Это мы, Господи, пред Тобою… (Польская) - страница 245

Он ходил на сборы гитлерюгенда, хотя мать его туда неохотно отпускала, но очень уж ему самому хотелось! Он надевал белую рубашку с коричневым галстуком, заправленным в кольцо. Точно такое, как у наших пионеров, только вместо костра была свастика, да и салют был иной — рука, выброшенная вперед. Такие же, как и у нас, барабаны, и шествия. Да вместо «бей буржуев» кричали «бей евреев!» Я все думала, кто у кого заимствовал все эти формы, видимо, они у нас, так как германский фашизм моложе советского. Юный Эрни попал под двойной пресс: нового влияния с бесчеловечными принципами расового господства, элитного антисемитизма и гуманных привычек патриархальной семьи. Все это сказалось в отношении ко мне.

Впервые с детским шовинизмом я столкнулась в деревне под Берлином. Группа мальчишек-подростков, которые есть в любых странах (мальчишки повсюду удивительно одинаковы), зная, что я из русского лагеря, начали плясать вокруг с дикими криками: «Каташка, Каташка!» — так испорченным словом Катюша (из проникшей в Германию нашей песни о Катюше) называли русских девчат. Я сказала что-то вроде «Ах, как невоспитанны немецкие дети!», и тогда они стали бросать в меня довольно крупными камнями. Пример отцов, в драках, создававших свою «новую Германию» был воспринят и юным ее поколением прямолинейно.

(Позднее похожая история повторилась в Сибири, когда детей из ПФЛ, посланных было в школу, сибирчата тоже били камнями). Чувство именно такого «кулачного патриотизма» уже было воспитано и у Эрни.
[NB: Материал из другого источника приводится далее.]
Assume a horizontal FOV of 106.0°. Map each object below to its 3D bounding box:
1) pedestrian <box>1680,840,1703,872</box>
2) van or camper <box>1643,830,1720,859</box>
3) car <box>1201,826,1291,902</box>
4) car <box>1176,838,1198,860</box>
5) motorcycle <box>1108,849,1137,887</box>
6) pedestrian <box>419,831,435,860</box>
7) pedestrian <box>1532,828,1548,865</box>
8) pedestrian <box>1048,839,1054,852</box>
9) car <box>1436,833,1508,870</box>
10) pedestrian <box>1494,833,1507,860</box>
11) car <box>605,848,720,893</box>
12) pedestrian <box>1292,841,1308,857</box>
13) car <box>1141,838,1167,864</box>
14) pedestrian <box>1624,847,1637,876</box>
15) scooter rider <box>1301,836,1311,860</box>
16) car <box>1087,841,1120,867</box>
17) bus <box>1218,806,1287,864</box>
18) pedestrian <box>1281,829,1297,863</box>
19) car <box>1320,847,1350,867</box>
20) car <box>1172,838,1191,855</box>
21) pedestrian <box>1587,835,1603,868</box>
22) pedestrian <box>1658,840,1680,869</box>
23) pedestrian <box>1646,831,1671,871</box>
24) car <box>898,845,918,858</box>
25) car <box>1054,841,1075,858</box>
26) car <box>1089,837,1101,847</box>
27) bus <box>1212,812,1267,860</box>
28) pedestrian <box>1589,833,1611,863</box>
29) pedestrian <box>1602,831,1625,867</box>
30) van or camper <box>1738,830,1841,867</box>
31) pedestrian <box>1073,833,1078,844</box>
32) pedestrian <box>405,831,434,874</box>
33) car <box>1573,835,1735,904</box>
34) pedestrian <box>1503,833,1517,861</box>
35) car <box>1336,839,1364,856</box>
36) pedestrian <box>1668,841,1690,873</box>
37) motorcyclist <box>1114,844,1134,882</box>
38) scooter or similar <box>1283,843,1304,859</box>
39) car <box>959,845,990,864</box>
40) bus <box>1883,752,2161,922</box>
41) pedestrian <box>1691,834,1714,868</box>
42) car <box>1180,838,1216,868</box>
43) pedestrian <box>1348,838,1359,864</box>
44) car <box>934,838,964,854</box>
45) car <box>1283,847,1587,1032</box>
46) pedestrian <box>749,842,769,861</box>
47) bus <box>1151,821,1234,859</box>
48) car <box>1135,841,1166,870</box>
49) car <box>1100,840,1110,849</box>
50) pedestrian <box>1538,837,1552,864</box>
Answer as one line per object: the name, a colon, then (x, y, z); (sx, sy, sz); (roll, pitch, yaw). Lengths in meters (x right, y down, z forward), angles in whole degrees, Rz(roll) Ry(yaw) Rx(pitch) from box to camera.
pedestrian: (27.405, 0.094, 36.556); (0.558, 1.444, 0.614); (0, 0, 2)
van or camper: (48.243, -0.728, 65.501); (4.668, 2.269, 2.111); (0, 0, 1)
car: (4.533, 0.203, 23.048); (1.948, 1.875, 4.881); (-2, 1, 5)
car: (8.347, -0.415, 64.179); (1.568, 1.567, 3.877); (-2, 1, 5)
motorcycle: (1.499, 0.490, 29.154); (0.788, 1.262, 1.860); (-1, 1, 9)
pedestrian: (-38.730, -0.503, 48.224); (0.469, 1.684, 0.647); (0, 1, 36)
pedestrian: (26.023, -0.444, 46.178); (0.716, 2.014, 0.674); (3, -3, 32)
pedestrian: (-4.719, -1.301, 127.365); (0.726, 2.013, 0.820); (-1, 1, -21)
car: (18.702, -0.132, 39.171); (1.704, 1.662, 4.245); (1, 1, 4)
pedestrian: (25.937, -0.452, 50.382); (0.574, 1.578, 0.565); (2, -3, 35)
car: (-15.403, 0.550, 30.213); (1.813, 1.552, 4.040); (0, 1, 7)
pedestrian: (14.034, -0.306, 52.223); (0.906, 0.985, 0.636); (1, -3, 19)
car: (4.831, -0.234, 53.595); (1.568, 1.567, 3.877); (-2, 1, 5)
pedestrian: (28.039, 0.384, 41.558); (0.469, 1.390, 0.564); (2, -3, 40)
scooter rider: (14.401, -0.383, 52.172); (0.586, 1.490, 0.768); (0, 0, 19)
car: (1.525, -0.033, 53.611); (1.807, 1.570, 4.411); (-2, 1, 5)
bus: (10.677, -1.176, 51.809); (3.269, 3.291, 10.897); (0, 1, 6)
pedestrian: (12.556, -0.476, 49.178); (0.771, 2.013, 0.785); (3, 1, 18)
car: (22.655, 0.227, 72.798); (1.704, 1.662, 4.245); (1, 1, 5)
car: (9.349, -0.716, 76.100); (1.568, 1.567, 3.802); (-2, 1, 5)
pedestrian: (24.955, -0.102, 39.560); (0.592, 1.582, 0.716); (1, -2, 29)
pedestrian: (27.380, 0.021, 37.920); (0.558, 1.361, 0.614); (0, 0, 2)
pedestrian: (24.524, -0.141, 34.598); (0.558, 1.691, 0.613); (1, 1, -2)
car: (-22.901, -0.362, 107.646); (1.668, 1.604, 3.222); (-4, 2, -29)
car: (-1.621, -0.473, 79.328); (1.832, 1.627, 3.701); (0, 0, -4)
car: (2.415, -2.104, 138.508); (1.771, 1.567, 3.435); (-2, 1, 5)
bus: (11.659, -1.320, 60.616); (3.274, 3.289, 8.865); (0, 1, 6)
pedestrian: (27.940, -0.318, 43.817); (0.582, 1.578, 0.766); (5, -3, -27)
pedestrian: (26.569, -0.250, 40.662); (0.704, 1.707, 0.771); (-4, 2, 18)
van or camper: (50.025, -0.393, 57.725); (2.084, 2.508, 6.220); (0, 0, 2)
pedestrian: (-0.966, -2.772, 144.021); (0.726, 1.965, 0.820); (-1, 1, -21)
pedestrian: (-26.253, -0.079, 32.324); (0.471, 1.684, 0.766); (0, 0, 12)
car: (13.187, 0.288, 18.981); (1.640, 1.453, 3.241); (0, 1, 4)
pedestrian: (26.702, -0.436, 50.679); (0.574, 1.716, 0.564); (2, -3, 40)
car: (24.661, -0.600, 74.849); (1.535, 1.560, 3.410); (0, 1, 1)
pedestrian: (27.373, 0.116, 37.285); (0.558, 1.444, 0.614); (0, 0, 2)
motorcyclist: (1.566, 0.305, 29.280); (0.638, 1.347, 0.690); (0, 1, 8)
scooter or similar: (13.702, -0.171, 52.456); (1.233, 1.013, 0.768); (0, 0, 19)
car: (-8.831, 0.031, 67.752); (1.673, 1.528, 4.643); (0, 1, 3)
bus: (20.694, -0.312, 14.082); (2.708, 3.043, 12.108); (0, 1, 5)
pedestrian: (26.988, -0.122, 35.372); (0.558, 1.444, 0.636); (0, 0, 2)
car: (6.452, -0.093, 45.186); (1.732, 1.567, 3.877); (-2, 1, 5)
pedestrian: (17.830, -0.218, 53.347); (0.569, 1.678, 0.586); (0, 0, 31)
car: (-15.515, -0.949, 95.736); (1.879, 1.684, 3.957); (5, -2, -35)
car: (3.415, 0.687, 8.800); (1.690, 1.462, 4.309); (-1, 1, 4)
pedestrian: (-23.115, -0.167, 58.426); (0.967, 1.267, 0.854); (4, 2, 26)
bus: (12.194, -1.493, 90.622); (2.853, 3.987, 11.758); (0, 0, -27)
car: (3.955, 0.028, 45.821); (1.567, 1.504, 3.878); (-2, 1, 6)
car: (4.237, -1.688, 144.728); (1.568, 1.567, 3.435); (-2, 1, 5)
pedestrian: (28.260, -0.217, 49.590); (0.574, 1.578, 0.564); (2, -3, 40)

И проявлял он его за спиной матери. Сперва, не зная, кто я, шаркнул ножкой и подставил щеку для поцелуя, но узнав все, начал грубить, говорить «ты» глядеть исподлобья, шептать «Катушка», особенно в дни наиболее неблагоприятных известий с фронта.

Мать, однако, пыталась, не разрушая героический «германский дух», соединить его с гуманностью общечеловеческой, полагая справедливо: «не будет же это продолжаться вечно».

В семье существовал ритуал отхождения ребенка ко сну. В ночной длинной рубашечке мальчик с матерью отправлялся в «нишу». Начинается молитва перед распятием. Сложив ладошки, коленопреклоненный, он просит сперва, чтоб немецкий Бог сохранил его фатти. Потом за — родину, Gott mit uns[35] заканчивается молитва. Но мать всегда напоминает, чтоб добавил: «И со всеми людьми на Земле, пусть будет мир». Укутав ребенка, Эгнес садится на край кроватки и требует покаяния во всех дурных делах, совершенных им за день. Лежа в кабинете, я невольно слышу диалог:

— Мутти, я еще птичку в саду камнем напугал…

— А еще, еще? — добивается мать, видимо что-то заметившая днем. Нехорошее.